Author’s note: I wrote this for a Pride event in my town where I spoke with three other local authors. I have since edited it a bit to better suit the medium (written over spoken word).
I grew up knowing that I was adopted. I remember spending a lot of time, especially as I got into science, thinking about that whole nature versus nurture debate. I knew who I was, as much as anyone can at that age; but I knew next to nothing about my genetic lineage. I felt out of place from those first simple Punnett squares, learning about dominant and recessive genes. We had that assignment where we had to plot out a couple of physical attributes of our parents – eye color, earlobe attachment, widows peak, are the ones I remember – and determine if we had the dominant or recessive gene, and which parent it might have come from. By then, I’d already learned that “unknown – adopted” was as much of an answer as I could give sometimes.

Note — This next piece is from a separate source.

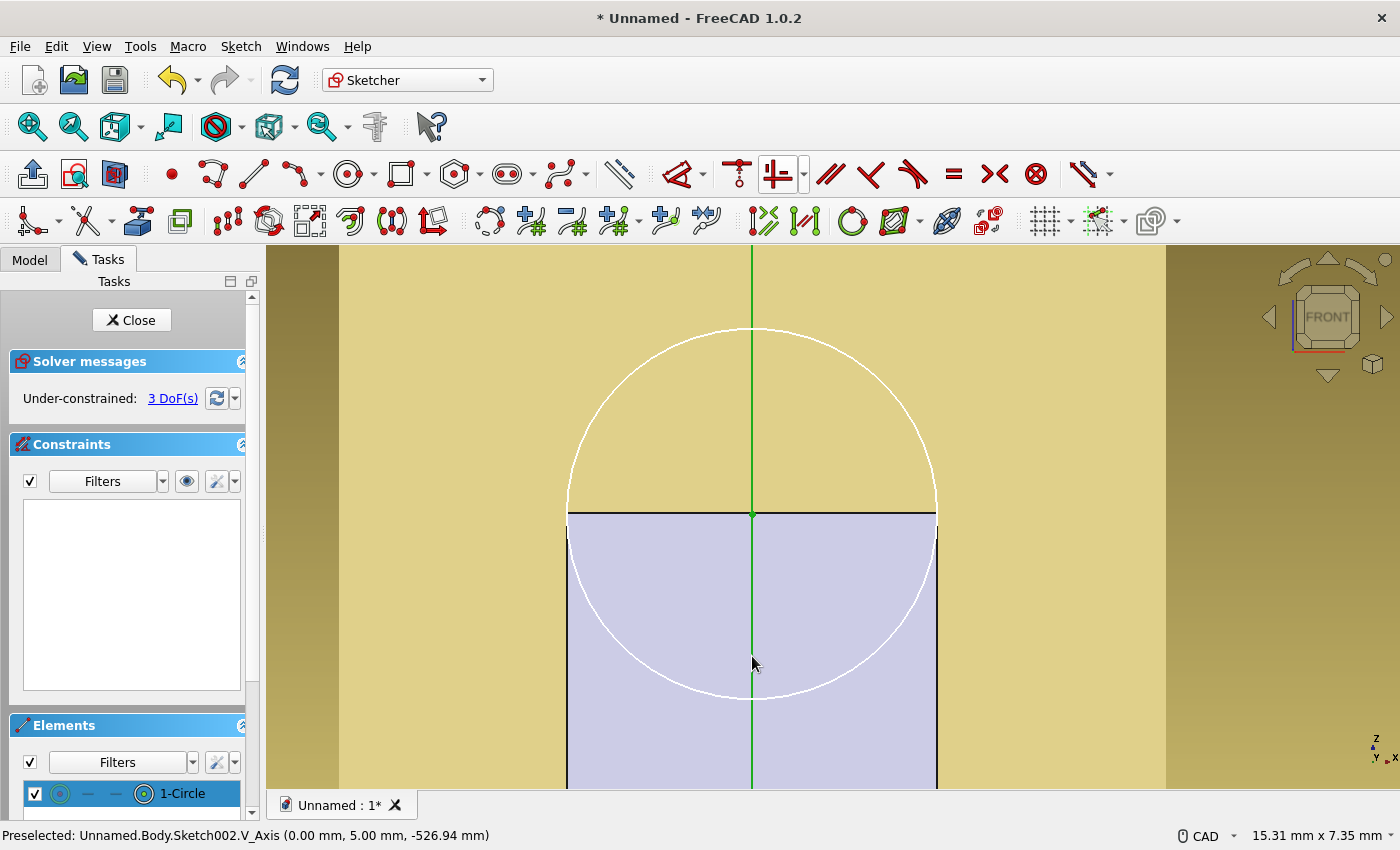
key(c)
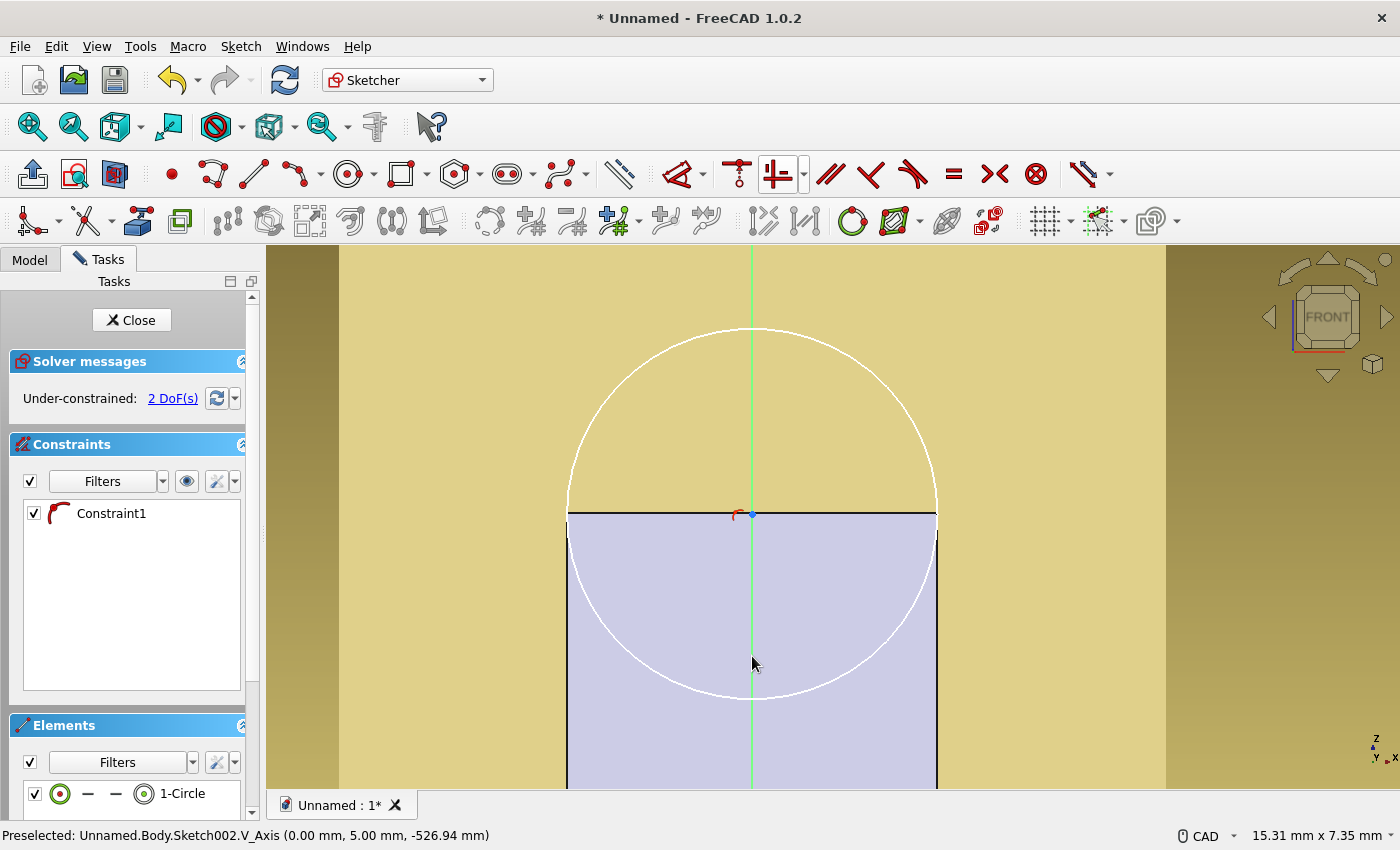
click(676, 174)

I desperately wanted to find, and feel, connected. I knew I didn’t look like my parents, with their blue eyes and Euro-pale skin; or my sister, who had been adopted from a Hawaiian/Filipino family. I got that; I wasn’t searching for any surprise matching physical characteristics, but I also didn’t understand why I often felt so very different than the people who raised me. My mom especially would wonder aloud at me being “too much;” too emotional, too touchy-feely. I felt too deeply and took things too seriously. Now, how much of that was encoded in my genes versus how much of it was simply hitting my teenage years, who knows. But I knew that my parents, while they loved me, didn’t act like other parents I saw. It felt like they had to learn, “kids need hugs sometimes. Kids can be emotional. Kids need affection,” and not all the knowledge stuck after the exam. They hugged us, sure; when we asked for it or we had done something to make them proud. A perfunctory embrace, a quick kiss goodnight while we were young enough to be tucked in. They loved us and told us so occasionally; and they were supportive in the ways they knew how to be. Still, there was always a feeling that, while I saw friends and neighbors with their families, that our household felt more like a couple who happened to have kids.
Mind you, I’m not sitting here speaking ill of the dead. They’ve been gone for nearly fifteen years, and most of the memories I have sit silently in albums, printed on glossy 3×5 Kodak paper. They were simply not demonstrative people; it just wasn’t their nature, and I understood that, even as I ached.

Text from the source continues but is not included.